Like Medina, she was “no longer the happy and confident person she was,” “lost her once ‘wonderful’ and ‘loving’ sexual relationship” with her spouse, refused to disrobe fully during sexual relations or otherwise in her spouse's presence, and felt “horrible” when she looked at herself in the mirror.  Id. at 716, 739 N.Y.S.2d 214.   Although her spouse died, she feared rejection and the inability engage in relationships with other men.   She experienced no functional impairment, however, to her ability to engage in sexual activity.

Sutch v. Yarinsky, 292 A.D.2d 715, 739 N.Y.S.2d 214, discloses neither the plaintiff's age nor the period covered by her future award.   Nevertheless, with her spouse's death, she lost her intimate and sexual partner and likely suffered severe emotional consequences from that event independent of the defendant's actions.   Medina, on the other hand, remained with his intimate and sexual partner, yet feared her rejection and lacked the ability to engage in the same relationship with her as previously, and should they separate, was likely to suffer at least as much difficulty with other women.

Drawing this comparison, and considering as well Medina's intense fear of dogs, flashbacks, nightmares, abdominal injuries, functional impairment to sexual activity, and age, his identical $300,000.00 award for past damages is justifiable.   Considering these additional components of Medina's injuries, and in comparison to his award for the past damages, using, for example, the equivalency standard suggested above ($160,000.00 for the first year and $70,000.00 for each of 12 years afterward), the additional $200,000.00 awarded to Medina for future damages is also justifiable.
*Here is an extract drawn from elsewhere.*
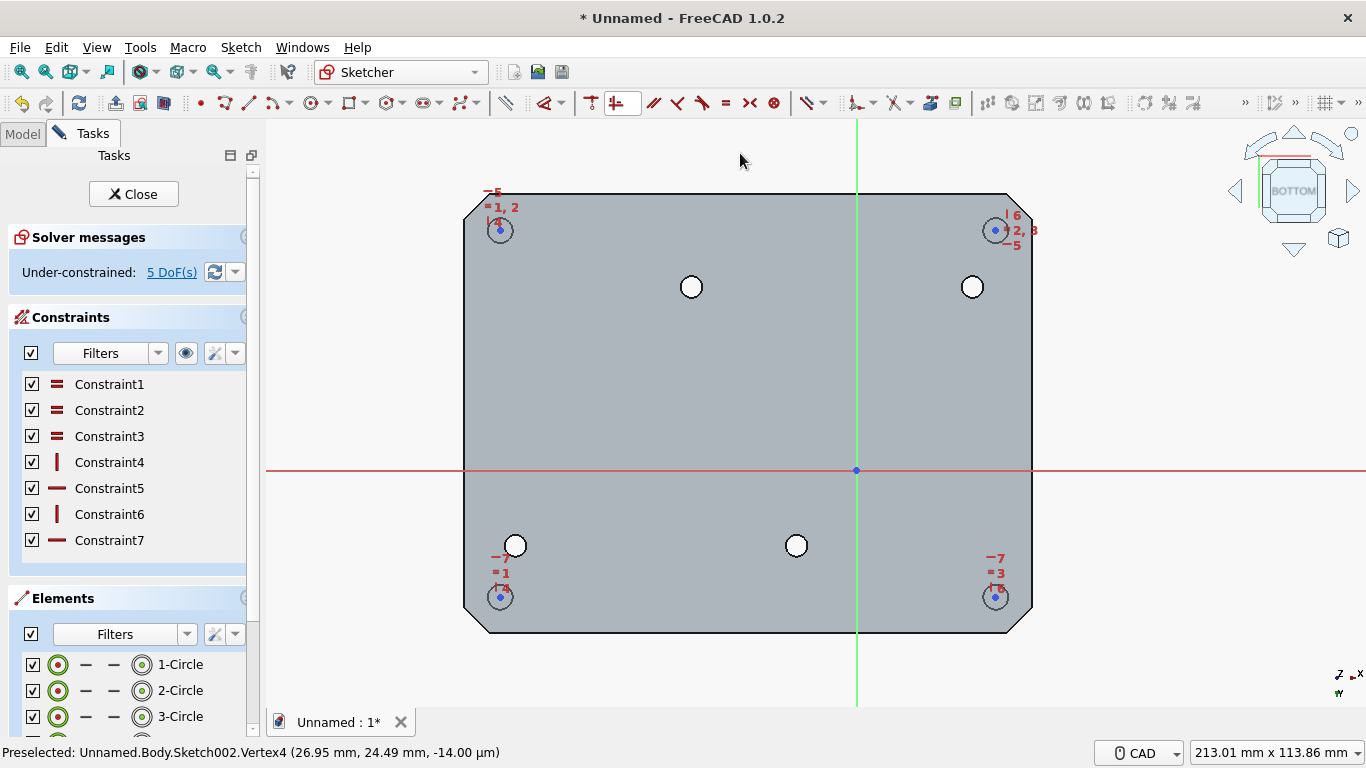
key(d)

 In sum, plaintiff presented evidence of his injuries and resulting pain and suffering, uncontroverted by defendants.   The jury credited his testimony, Dr. Taranow's testimony, and Dr. Levandusky's testimony insofar as it corroborated and supplemented the other testimony in plaintiff's favor and awarded past and future damages that do not so exceed amounts supported by a fair interpretation of the evidence as to require disturbing the jury's determination.   Although defendants now characterize plaintiff's injuries as minimal, no medical testimony, even presented by defendants, supports that assessment.

The jury's $300,000.00 award for past pain and suffering and $700,000.00 award for future pain and suffering were not so excessive as to materially deviate from reasonable compensation.   Given this plaintiff's unique combination of injuries, this jury was uniquely qualified to assess his damages and set its own benchmark.   Therefore the court denies defendants' motion to reduce the verdict.  C.P.L.R. § 5501(c).